Your Cobb County and Cherokee County under-21 DUI defense lawyer
At Ghanouni Teen & Young Adult Defense Firm, we have experience handling under-21 DUI cases throughout the state of Georgia. Our focus, however, is on representing people who are charged with Cobb County DUIs, Cherokee County DUIs, and DUIs in the cities of Marietta, Woodstock, Kennesaw, Canton, Holly Springs, Acworth and Smyrna. We know how these courts work, and we’ve helped many clients find the best solution possible for their situation.
“I received services from Mr. Ghanouni for a DUI I had obtained in the city of Woodstock. I thought to myself, “How can even an attorney help me with such a stuck situation?” He managed to point out things and ways that made the evidence against me dismissible as certain tests were inaccurately performed and administered inappropriately by a veteran of the police force. I will from now on highly recommend him to anyone I hear needing help in any court case.” – A.M., Client
Georgia’s DUI laws for under-21 drivers
For an adult driver (one who is 21 or over), it’s illegal to operate a vehicle with a blood alcohol concentration (BAC) of .08 grams or higher within three hours of driving.

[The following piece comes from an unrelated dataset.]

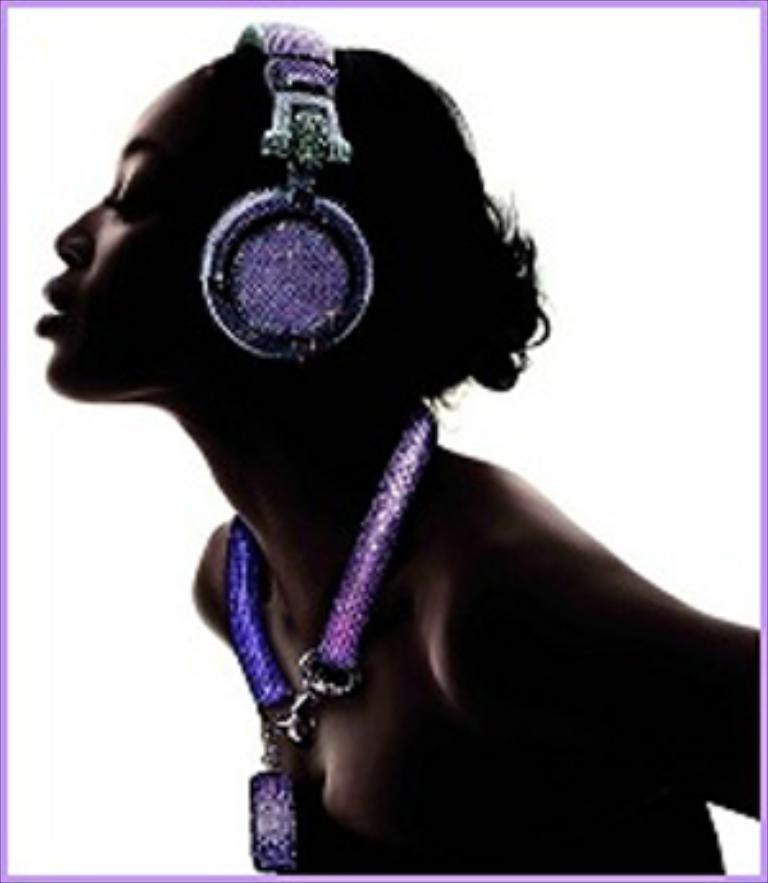What is the main subject of the image? The main subject of the image is a woman. What can be seen on the woman's head in the image? The woman is wearing a headset in the image. What type of cast can be seen on the woman's arm in the image? There is no cast visible on the woman's arm in the image. What is the limit of the woman's ability to lift heavy objects in the image? There is no information about the woman's ability to lift heavy objects in the image.

Authorities determine BAC by conducting a chemical test of a driver’s breath, blood, urine, or other bodily substances. Drivers have the right to refuse these tests, but under the implied consent law, such a refusal may still set them up for a DUI less-safe charge as well as a potential administrative driver’s license suspension.
For an individual under 21, however, it’s illegal to drive with a BAC of .02 grams or higher. While everyone’s body processes alcohol in different ways, such a low BAC can be reached by consuming a very small quantity of alcohol—a single beer, for example—and does not necessarily reflect impairment.
Drivers under 21 can be found guilty of a DUI in Georgia simply due to their BAC, regardless of actual impairment to their driving.
Criminal penalties for a DUI under 21
The penalties for DUI convictions vary depending on whether the driver has a previous DUI record:
- If the conviction is the young driver’s first DUI offense, the charge is a misdemeanor with $300 to $1,000 in fines, 24 hours to 12 months in jail and a minimum of 20 hours of community service. A minimum of 12 months of probation, typically requiring monthly check-ins with a probation officer, random drug and alcohol screens, and other compliance requirements can make it challenging to attend college out of state or move for work.
- If a second DUI conviction occurs within 10 years of the first, the misdemeanor charge comes with $600 to $1,000 in fines, 72 hours to 12 months in jail and 30 days of community service.
- Upon the third conviction in a 10-year period, the charge gets upgraded to a high and aggravated misdemeanor, carrying $1,000 to $5,000 in fines, 15 days to 12 months in jail and 30 days of community service.
- A fourth conviction in a 10-year period is a felony. This carries $1,000 to $5,000 in fines, 90 days to five years in prison and 60 days of community service.
For any DUI conviction, the driver is also required to complete a DUI Alcohol or Drug Use Risk Reduction Program (DUI school), submit to a substance abuse evaluation and, if recommended, attend any treatment. Remember: These are the minimum punishments. Some courts will require other courses or harsher penalties.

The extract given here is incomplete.